Sept semaines après sa prise de fonction, le nouveau président du CNC était invité à partager sa vision des enjeux stratégiques de la filière avec la commission de la Culture du Sénat. L’occasion de réaffirmer, dans un contexte de mutations technologiques, sociétales et géopolitiques, l’engagement du Centre auprès des salles de cinéma et de la distribution.

Pour Gaëtan Bruel, les 181 millions d’entrées comptabilisées dans les cinémas sont, « la meilleure réponse à ceux qui penseraient encore que notre modèle produit des films qui ne font pas se déplacer les gens en salle ». La réussite globale du modèle français repose « sur un parc de salles dense » qui permet de redynamiser certains de nos territoires ; une action renforcée par le plan de diffusion porté par la ministre de la Culture Rachida Dati, « qui a encore accru ce maillage dans les zones les plus rurales, notamment avec une aide accrue aux circuits itinérants ». 

Face aux sénateurs, Gaëtan Bruel a identifié les défis du CNC sous forme de cinq ruptures, qui doivent « constituer la toile de fond des discussions et de [notre] action pour les prochains mois » : 

  • La rupture culturelle de la bascule des audiences vers les plateformes sociales : « Nous sommes en train de passer d’une consommation plurielle, collective, rituelle, à une consommation massivement individuelle, mobile, à la demande, et sur des contenus qui sont en passe de devenir une concurrence existentielle pour absolument tous les types d’œuvres et d’expériences soutenues par le CNC. ». Une évolution qui invite à prendre d’autant plus au sérieux la question de l’éducation aux images, objet de la mission confiée à Édouard Geffray par les ministres de la Culture et de l’Éducation.
  • La rupture technologique de l’IA générative, « qui impacte tous les aspects du processus créatif, mais aussi tous les aspects de sa valorisation… ou de sa dévalorisation ». Si le mouvement doit être accompagné, en neutralisant le risque qu’il tue la création, il ne faut pas non plus prendre « risque de laisser d’autres pays s’emparer de l’IA, dont des usages vertueux ont leur place dans notre modèle. » 
  • La rupture sociétale face aux violences sexuelles et sexistes, face auxquelles le cinéma doit assumer « une mission d’exemplarité », et en finir avec « ses contradictions que plus personne ne tolère aujourd’hui ». Gaëtan Bruel salue par ailleurs la réaction rapide et forte du CNC, avec la conditionnalité de ses aides au suivi des formations contre les VHSS qui a déjà permis de former plus de 6 750 mandataires sociaux, producteurs, exploitants, distributeurs…. « c’est-à-dire 100 % des professionnels qui sont actifs depuis 4 ans ». 
  • Le risque de rupture territoriale, car bien que l’intégralité des Régions aient maintenu leurs aides à la production, seules trois –  à savoir les Hauts-de-France, la Bretagne et la Réunion – ont préservé leurs aides à la diffusion.

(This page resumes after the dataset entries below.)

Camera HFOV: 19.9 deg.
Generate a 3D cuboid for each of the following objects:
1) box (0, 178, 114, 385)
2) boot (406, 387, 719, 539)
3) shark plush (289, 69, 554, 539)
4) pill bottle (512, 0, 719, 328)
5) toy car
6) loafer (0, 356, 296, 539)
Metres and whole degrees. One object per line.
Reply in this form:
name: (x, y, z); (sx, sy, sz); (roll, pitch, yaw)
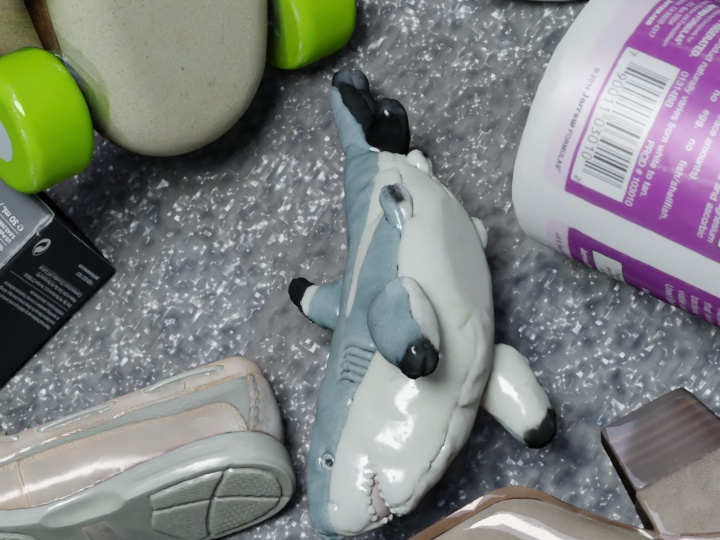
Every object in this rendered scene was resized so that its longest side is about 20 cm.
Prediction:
box: (-0.227, -0.027, 0.890); (0.141, 0.079, 0.200); (-44, 68, -3)
boot: (0.092, 0.144, 0.755); (0.199, 0.070, 0.147); (-32, 74, 10)
shark plush: (0.000, 0.000, 0.802); (0.083, 0.091, 0.201); (-30, 63, 28)
pill bottle: (0.166, -0.025, 0.761); (0.199, 0.112, 0.113); (26, 81, 21)
toy car: (-0.129, -0.143, 0.870); (0.164, 0.159, 0.199); (-28, 34, -29)
loafer: (-0.125, 0.089, 0.838); (0.198, 0.072, 0.063); (-15, 53, 4)
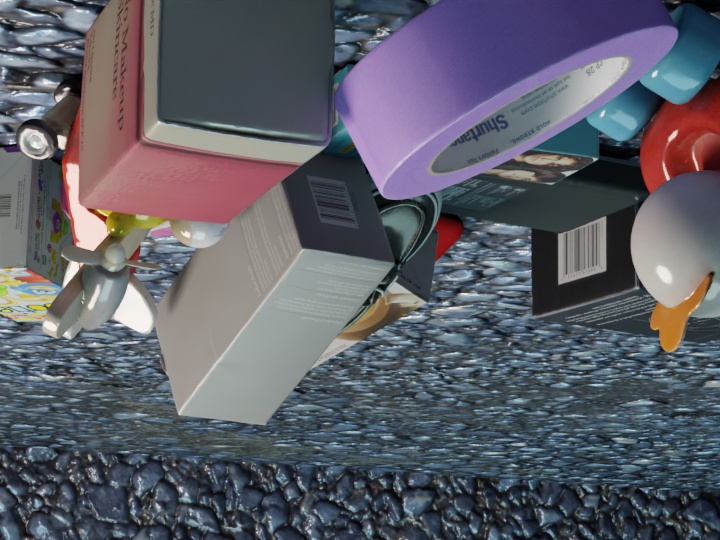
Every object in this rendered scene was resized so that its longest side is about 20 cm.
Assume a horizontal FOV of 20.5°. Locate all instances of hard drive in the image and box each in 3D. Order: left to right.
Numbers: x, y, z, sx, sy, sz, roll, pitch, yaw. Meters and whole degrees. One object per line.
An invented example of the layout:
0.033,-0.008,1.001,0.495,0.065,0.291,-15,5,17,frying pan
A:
0.116,-0.072,1.620,0.200,0.033,0.140,9,164,-24,hard drive

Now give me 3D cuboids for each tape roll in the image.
0.086,-0.119,1.181,0.200,0.066,0.200,-28,171,-5,tape roll

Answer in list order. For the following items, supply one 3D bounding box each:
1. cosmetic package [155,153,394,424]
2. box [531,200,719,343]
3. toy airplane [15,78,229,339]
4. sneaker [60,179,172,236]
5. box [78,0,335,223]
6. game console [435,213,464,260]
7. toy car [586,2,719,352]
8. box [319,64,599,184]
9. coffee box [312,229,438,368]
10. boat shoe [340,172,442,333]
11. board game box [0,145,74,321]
-0.069,0.014,1.467,0.090,0.107,0.200,8,137,-31,cosmetic package
0.272,-0.008,1.746,0.200,0.107,0.148,10,164,-31,box
-0.161,-0.034,1.442,0.141,0.200,0.199,9,171,17,toy airplane
-0.140,-0.058,1.598,0.200,0.082,0.088,-1,165,10,sneaker
-0.100,-0.117,1.240,0.109,0.128,0.200,6,165,-20,box
-0.039,-0.044,1.800,0.200,0.119,0.172,13,131,-45,game console
0.227,-0.034,1.303,0.184,0.200,0.177,31,161,-8,toy car
0.069,-0.105,1.459,0.200,0.049,0.082,6,166,-20,box
-0.046,0.009,1.647,0.113,0.080,0.200,34,136,-28,coffee box
0.000,0.000,1.509,0.072,0.071,0.200,22,134,-18,boat shoe
-0.285,-0.026,1.687,0.103,0.105,0.200,-3,166,15,board game box
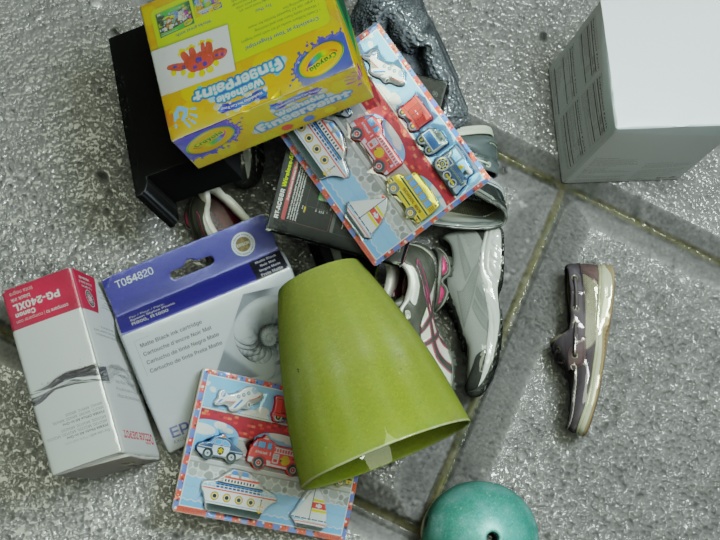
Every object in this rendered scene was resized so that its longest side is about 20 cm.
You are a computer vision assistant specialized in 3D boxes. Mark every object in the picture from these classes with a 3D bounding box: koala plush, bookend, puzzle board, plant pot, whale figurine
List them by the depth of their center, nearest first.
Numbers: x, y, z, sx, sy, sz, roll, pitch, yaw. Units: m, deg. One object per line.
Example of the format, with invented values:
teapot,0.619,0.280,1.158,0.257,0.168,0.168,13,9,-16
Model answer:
puzzle board,0.016,-0.129,1.458,0.150,0.017,0.201,-36,86,5
plant pot,-0.010,0.098,1.472,0.186,0.187,0.202,-19,77,-13
whale figurine,0.126,0.327,1.530,0.157,0.104,0.202,12,75,-6
puzzle board,-0.091,0.200,1.530,0.198,0.017,0.152,14,84,-20
bookend,-0.151,-0.181,1.532,0.198,0.092,0.200,-20,65,11
koala plush,-0.004,-0.226,1.611,0.199,0.178,0.185,-24,113,9

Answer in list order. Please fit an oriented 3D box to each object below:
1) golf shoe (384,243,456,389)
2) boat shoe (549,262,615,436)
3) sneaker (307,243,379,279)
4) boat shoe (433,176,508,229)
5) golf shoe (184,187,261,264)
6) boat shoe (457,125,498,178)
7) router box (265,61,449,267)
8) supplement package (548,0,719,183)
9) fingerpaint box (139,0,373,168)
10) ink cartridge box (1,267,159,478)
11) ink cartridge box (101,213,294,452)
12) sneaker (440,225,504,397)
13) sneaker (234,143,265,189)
golf shoe,0.053,0.070,1.568,0.088,0.077,0.202,8,77,-50
boat shoe,0.248,0.087,1.629,0.064,0.072,0.202,9,78,6
sneaker,0.000,0.000,1.607,0.082,0.072,0.202,-17,80,-14
boat shoe,0.077,-0.088,1.602,0.198,0.071,0.073,4,115,-17
golf shoe,-0.128,-0.006,1.582,0.077,0.088,0.201,-36,85,-17
boat shoe,0.069,-0.120,1.648,0.198,0.073,0.062,-12,74,-17
router box,-0.002,-0.118,1.500,0.148,0.062,0.202,15,93,5
supplement package,0.323,-0.203,1.639,0.150,0.200,0.152,-3,77,-10
fingerpaint box,-0.106,-0.221,1.440,0.198,0.073,0.168,-21,66,10
ink cartridge box,-0.289,0.113,1.490,0.083,0.145,0.202,-18,79,4
ink cartridge box,-0.153,0.067,1.535,0.198,0.041,0.202,-23,106,-9
sneaker,0.124,0.046,1.622,0.078,0.074,0.202,1,71,3
sneaker,-0.162,-0.184,1.637,0.079,0.074,0.202,-15,74,3
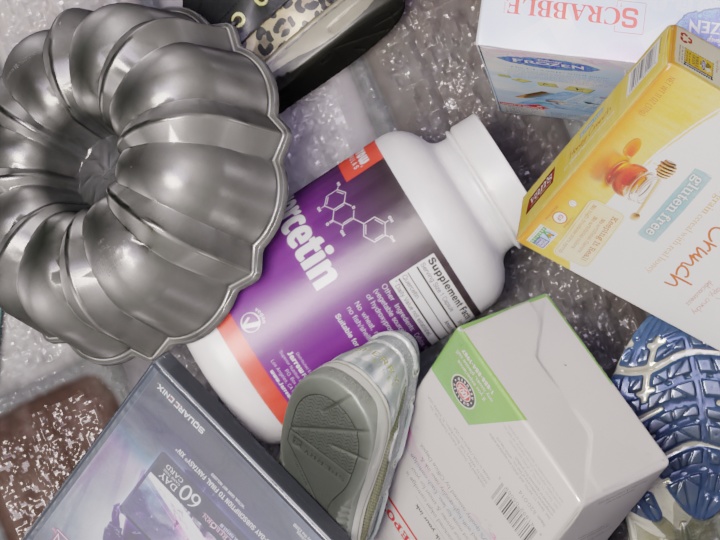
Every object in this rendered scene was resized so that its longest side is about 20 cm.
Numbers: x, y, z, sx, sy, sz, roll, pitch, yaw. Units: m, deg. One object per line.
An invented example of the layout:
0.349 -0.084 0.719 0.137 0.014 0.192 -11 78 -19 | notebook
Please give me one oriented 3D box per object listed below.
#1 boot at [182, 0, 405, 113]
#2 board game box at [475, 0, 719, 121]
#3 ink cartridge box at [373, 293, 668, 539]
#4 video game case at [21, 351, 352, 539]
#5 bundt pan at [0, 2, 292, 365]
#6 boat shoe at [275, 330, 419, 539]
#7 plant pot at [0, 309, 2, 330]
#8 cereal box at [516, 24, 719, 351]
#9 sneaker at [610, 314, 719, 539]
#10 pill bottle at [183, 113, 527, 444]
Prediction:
-0.095 -0.154 1.503 0.203 0.073 0.154 -32 78 2 | boot
0.166 -0.108 1.401 0.198 0.200 0.042 7 85 6 | board game box
0.070 0.120 1.417 0.067 0.200 0.117 -21 66 -35 | ink cartridge box
-0.106 0.158 1.445 0.143 0.019 0.200 45 125 9 | video game case
-0.139 -0.054 1.417 0.201 0.076 0.204 -9 73 32 | bundt pan
-0.014 0.111 1.425 0.074 0.203 0.065 36 50 18 | boat shoe
-0.316 -0.013 1.484 0.198 0.141 0.143 3 85 16 | plant pot
0.199 -0.024 1.336 0.199 0.040 0.144 27 131 -13 | cereal box
0.168 0.117 1.429 0.076 0.085 0.202 -3 99 2 | sneaker
0.000 0.000 1.454 0.199 0.112 0.113 -34 82 2 | pill bottle
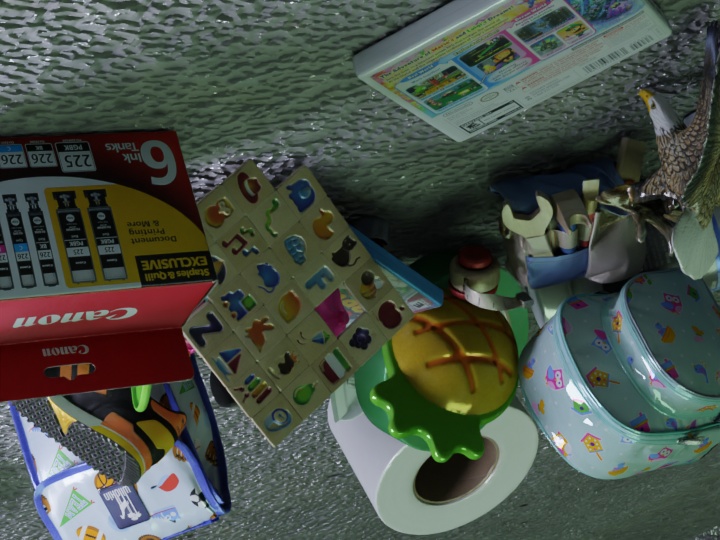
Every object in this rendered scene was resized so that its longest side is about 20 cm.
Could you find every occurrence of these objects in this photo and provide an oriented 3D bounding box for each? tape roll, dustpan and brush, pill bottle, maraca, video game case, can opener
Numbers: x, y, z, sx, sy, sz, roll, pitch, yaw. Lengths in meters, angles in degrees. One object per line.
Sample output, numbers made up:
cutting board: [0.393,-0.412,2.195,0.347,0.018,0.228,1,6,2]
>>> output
tape roll: [0.084,0.081,1.609,0.200,0.048,0.201,-19,120,-37]
dustpan and brush: [0.048,0.070,1.658,0.200,0.057,0.140,-54,163,-20]
pill bottle: [0.265,-0.011,1.609,0.200,0.114,0.114,-17,158,-1]
maraca: [0.078,0.093,1.468,0.137,0.200,0.107,27,133,-2]
tape roll: [0.080,0.178,1.799,0.203,0.139,0.203,-16,135,-17]
video game case: [-0.046,0.018,1.451,0.200,0.018,0.143,-16,145,36]
video game case: [0.120,-0.173,1.229,0.200,0.024,0.182,-26,157,22]
can opener: [0.000,0.000,1.516,0.053,0.067,0.200,10,165,-11]

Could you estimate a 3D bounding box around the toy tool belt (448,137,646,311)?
toy tool belt: [0.172,-0.052,1.470,0.200,0.125,0.123,-14,125,-18]

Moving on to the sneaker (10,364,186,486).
sneaker: [-0.246,0.108,1.444,0.090,0.200,0.070,-39,155,-37]

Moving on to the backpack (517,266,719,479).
backpack: [0.252,0.094,1.468,0.200,0.176,0.153,-11,154,-31]

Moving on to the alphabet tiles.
alphabet tiles: [-0.068,0.017,1.312,0.167,0.200,0.008,-42,-159,-16]

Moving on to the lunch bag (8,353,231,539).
lunch bag: [-0.226,0.165,1.519,0.170,0.200,0.124,-22,167,13]

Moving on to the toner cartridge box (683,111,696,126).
toner cartridge box: [0.401,-0.161,1.449,0.200,0.043,0.095,-33,153,32]

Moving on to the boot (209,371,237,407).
boot: [-0.045,0.088,1.676,0.174,0.069,0.200,-6,166,-43]

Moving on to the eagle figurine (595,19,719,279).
eagle figurine: [0.295,-0.110,1.363,0.151,0.152,0.200,37,128,-12]

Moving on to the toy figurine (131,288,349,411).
toy figurine: [-0.104,0.048,1.390,0.184,0.150,0.200,2,176,-14]

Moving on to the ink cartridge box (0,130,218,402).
ink cartridge box: [-0.215,-0.004,1.165,0.200,0.176,0.084,-6,156,-29]
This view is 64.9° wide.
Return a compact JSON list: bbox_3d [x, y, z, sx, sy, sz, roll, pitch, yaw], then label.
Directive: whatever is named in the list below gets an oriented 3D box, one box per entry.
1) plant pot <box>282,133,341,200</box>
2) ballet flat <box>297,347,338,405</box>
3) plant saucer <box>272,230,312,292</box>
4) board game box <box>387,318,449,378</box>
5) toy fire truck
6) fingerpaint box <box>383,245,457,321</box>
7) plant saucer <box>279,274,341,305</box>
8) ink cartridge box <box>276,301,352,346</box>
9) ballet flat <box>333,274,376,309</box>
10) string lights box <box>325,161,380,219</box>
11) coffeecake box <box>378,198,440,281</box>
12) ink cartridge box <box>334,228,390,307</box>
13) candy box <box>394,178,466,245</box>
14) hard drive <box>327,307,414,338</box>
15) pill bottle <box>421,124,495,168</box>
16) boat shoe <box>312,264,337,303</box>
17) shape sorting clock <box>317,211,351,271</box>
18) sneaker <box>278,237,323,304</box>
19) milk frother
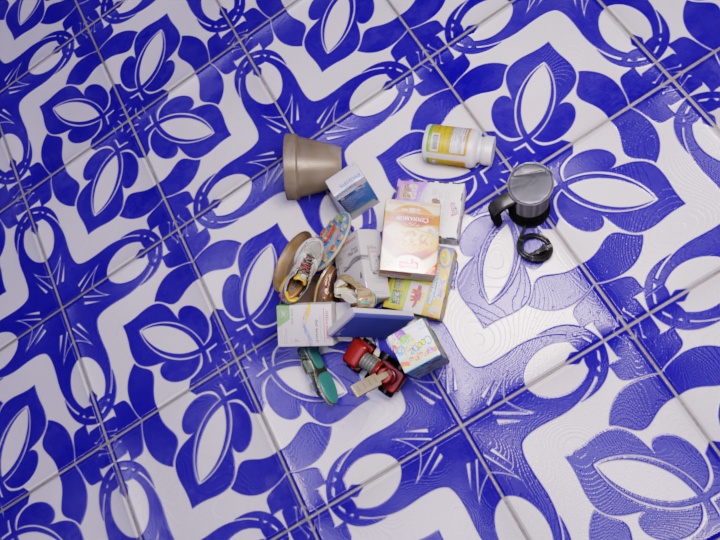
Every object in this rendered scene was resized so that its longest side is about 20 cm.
[{"bbox_3d":[-0.142,-0.315,1.725,0.172,0.200,0.202,0,76,-1],"label":"plant pot"},{"bbox_3d":[-0.126,0.299,1.624,0.074,0.074,0.201,-25,74,8],"label":"ballet flat"},{"bbox_3d":[-0.190,-0.021,1.687,0.200,0.035,0.202,-37,37,35],"label":"plant saucer"},{"bbox_3d":[0.156,0.209,1.488,0.104,0.200,0.104,-29,71,6],"label":"board game box"},{"bbox_3d":[0.019,0.266,1.512,0.175,0.200,0.129,34,87,20],"label":"toy fire truck"},{"bbox_3d":[0.171,0.027,1.597,0.165,0.073,0.202,10,81,19],"label":"fingerpaint box"},{"bbox_3d":[-0.145,0.112,1.687,0.198,0.034,0.202,-4,76,15],"label":"plant saucer"},{"bbox_3d":[-0.126,0.147,1.563,0.198,0.067,0.118,-3,90,11],"label":"ink cartridge box"},{"bbox_3d":[-0.033,0.055,1.524,0.199,0.065,0.071,20,112,56],"label":"ballet flat"},{"bbox_3d":[-0.019,-0.227,1.647,0.102,0.200,0.059,-32,70,5],"label":"string lights box"},{"bbox_3d":[0.133,-0.082,1.537,0.152,0.073,0.202,5,76,1],"label":"coffeecake box"},{"bbox_3d":[0.000,0.000,1.612,0.146,0.082,0.202,-30,64,52],"label":"ink cartridge box"},{"bbox_3d":[0.197,-0.169,1.640,0.198,0.072,0.170,7,78,18],"label":"candy box"},{"bbox_3d":[0.029,0.143,1.520,0.132,0.198,0.026,-44,51,43],"label":"hard drive"},{"bbox_3d":[0.286,-0.357,1.641,0.198,0.111,0.112,11,80,18],"label":"pill bottle"},{"bbox_3d":[-0.101,0.085,1.630,0.067,0.072,0.202,18,88,12],"label":"boat shoe"},{"bbox_3d":[-0.092,-0.086,1.657,0.039,0.200,0.201,33,86,-19],"label":"shape sorting clock"},{"bbox_3d":[-0.153,0.004,1.552,0.077,0.082,0.202,25,89,-18],"label":"sneaker"},{"bbox_3d":[0.457,-0.147,1.499,0.180,0.188,0.200,-44,69,2],"label":"milk frother"}]

Soucieux de ne « pas relâcher l’effort, notamment sur l’éducation aux images » et d’éviter les disparités territoriales, le président du CNC entamera un tour des Régions dès le mois de juin, « pour en discuter avec les élus et les acteurs locaux en lien avec nos Drac ».    
  • Et enfin, la rupture géopolitique, alors que résonnent les échos d’une « possible offensive américaine contre notre modèle européen, jugé par la Maison Blanche comme “pénalisant ou déloyal” ». De fait, la « fébrilité » monte autour de la directive SMA « et la forte dynamique d’extension de sa transposition ». Et alors que le nouveau contexte international « oblige l’Union Européenne à clarifier ses priorités », celles du CNC sont claires : « Continuer de renforcer nos liens avec les Américains, mais aussi se préparer à toutes les hypothèses. »  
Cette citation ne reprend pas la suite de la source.